Solfeo con amor a las cinco





En un instituto de maestros viejos de rancias costumbres, corrió como un brisa fresca, al abrirse los ventanales en una tarde calurosa, la noticia de que el próximo curso se incorporaría un profesor joven para las clases de música.

Durante las vacaciones de verano, las amigas fantasearon e hicieron apuestas de cómo sería, mejor alto, y con ojos azules, que tenga una bonita sonrisa, si es músico su voz será preciosa... En septiembre, descubrieron, con gran decepción, que ni era tan joven ni mucho menos le podían catalogar de guapo. Resultón, dirían sus madres, o atractivo, las ilusiones se marchitaron como margaritas arrancadas sin poner en agua. Aún así, pronto fue cautivando a todas las alumnas, su paciencia para dar clases era infinita, sus palabras siempre amables y su perfecta sonrisa le bastaron para convertirse en el sueño de las adolescentes y en la pesadilla de los estudiantes masculinos.

Las chicas llenaron páginas con su nombre junto a un corazón bien remarcado atravesado por una flecha. Si a alguna le cogía la mano para dirigirla al solfear, se convertía en la heroína de la semana, y si lo que le tocaba era la cara, para relajarle la mandíbula y ayudarla a colocar la boca en la posición correcta para el solfeo entonado, el interrogatorio al que la sometían era terrible.

¿Qué has sentido cuando te ha tocado?

¿Olía bien teniéndole tan cerca?

Pronto comenzaron los rumores por el patio y los pasillos, muchos aseguraban que era gay, que le habían visto cenando en compañía de otros hombres, a veces rozándoles la mano, y otras, con todo el descaro, acariciando el rostro de su acompañante sin ningún pudor. Tanta credibilidad se le dio a la invención sobre la vida íntima del profesor de solfeo que el propio director se vio obligado a ir de clase en clase poniendo orden y advirtiendo de que serían duramente castigados quienes inventasen historias sobre cualquier persona del centro, alumno o profesor, y más si era con el único objetivo de dañar su imagen.

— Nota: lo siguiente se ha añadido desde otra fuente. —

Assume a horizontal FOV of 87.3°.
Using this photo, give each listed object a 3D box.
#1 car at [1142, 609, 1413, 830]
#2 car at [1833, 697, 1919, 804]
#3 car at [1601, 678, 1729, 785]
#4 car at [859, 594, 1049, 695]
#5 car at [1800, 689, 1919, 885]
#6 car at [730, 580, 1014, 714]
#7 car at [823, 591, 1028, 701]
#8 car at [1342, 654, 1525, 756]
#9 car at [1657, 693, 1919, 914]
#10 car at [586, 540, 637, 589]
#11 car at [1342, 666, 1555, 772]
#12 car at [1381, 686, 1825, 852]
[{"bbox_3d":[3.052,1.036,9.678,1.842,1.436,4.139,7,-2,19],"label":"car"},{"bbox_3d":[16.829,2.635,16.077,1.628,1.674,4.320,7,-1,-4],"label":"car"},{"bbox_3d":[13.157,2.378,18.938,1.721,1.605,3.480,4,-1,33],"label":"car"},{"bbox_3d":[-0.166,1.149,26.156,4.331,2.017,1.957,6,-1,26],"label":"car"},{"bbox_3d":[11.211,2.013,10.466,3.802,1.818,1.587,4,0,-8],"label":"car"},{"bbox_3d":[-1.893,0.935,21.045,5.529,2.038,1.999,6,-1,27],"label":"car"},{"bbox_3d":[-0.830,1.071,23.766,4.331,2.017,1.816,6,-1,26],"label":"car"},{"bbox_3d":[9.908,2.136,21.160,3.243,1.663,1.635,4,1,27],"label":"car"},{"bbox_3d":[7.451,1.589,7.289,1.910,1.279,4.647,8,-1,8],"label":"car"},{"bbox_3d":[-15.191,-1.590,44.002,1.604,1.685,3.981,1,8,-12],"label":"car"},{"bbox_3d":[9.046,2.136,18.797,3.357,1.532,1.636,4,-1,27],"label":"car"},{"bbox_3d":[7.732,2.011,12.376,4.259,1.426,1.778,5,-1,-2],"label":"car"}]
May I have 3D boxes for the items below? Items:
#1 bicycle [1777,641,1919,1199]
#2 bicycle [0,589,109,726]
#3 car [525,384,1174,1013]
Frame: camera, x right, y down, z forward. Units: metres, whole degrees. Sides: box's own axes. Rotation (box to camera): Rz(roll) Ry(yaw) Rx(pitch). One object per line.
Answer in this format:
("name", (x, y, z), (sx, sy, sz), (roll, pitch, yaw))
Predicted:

Tomás siempre reaccionaba como no se esperaba, y al finalizar el curso les sorprendió con un emotivo discurso en el que puso gran énfasis en lo que le había gustado ese colegio y que su deseo era permanecer en él hasta su jubilación. Pidió a toda la clase que formasen dos filas, y despidió a cada una de las alumnas con dos paternales besos, y a los chicos con un gran apretón de manos y un sonoro ¡gracias, hasta el próximo curso!

Pero al año siguiente no estuvo para continuar con sus clases de música, se dio de baja por problemas familiares, y los alumnos, tan infantiles de miras, se envalentonaron diciendo que no había podido soportar que descubriesen su secreto.

Años después, en un trasbordo del metro en Cuatro Caminos, le descubrió en un pasillo charlando con una señora muy mayor. Su corazón se aceleró de alegría, no quiso perderle entre la multitud y se acercó todo lo que pudo para saludarle en cuanto se despejase el lugar, para contarle que ella también había decidido ser profesora de música gracias a él. Permaneció a su espalda, y desde ahí ni habló ni se movió. Cuando reinó el silencio le dolió mucho la escena que presenció, como una cotilla, sin que él fuese consciente de que alguien les observaba, se recostó en la pared y no quiso perderse la charla.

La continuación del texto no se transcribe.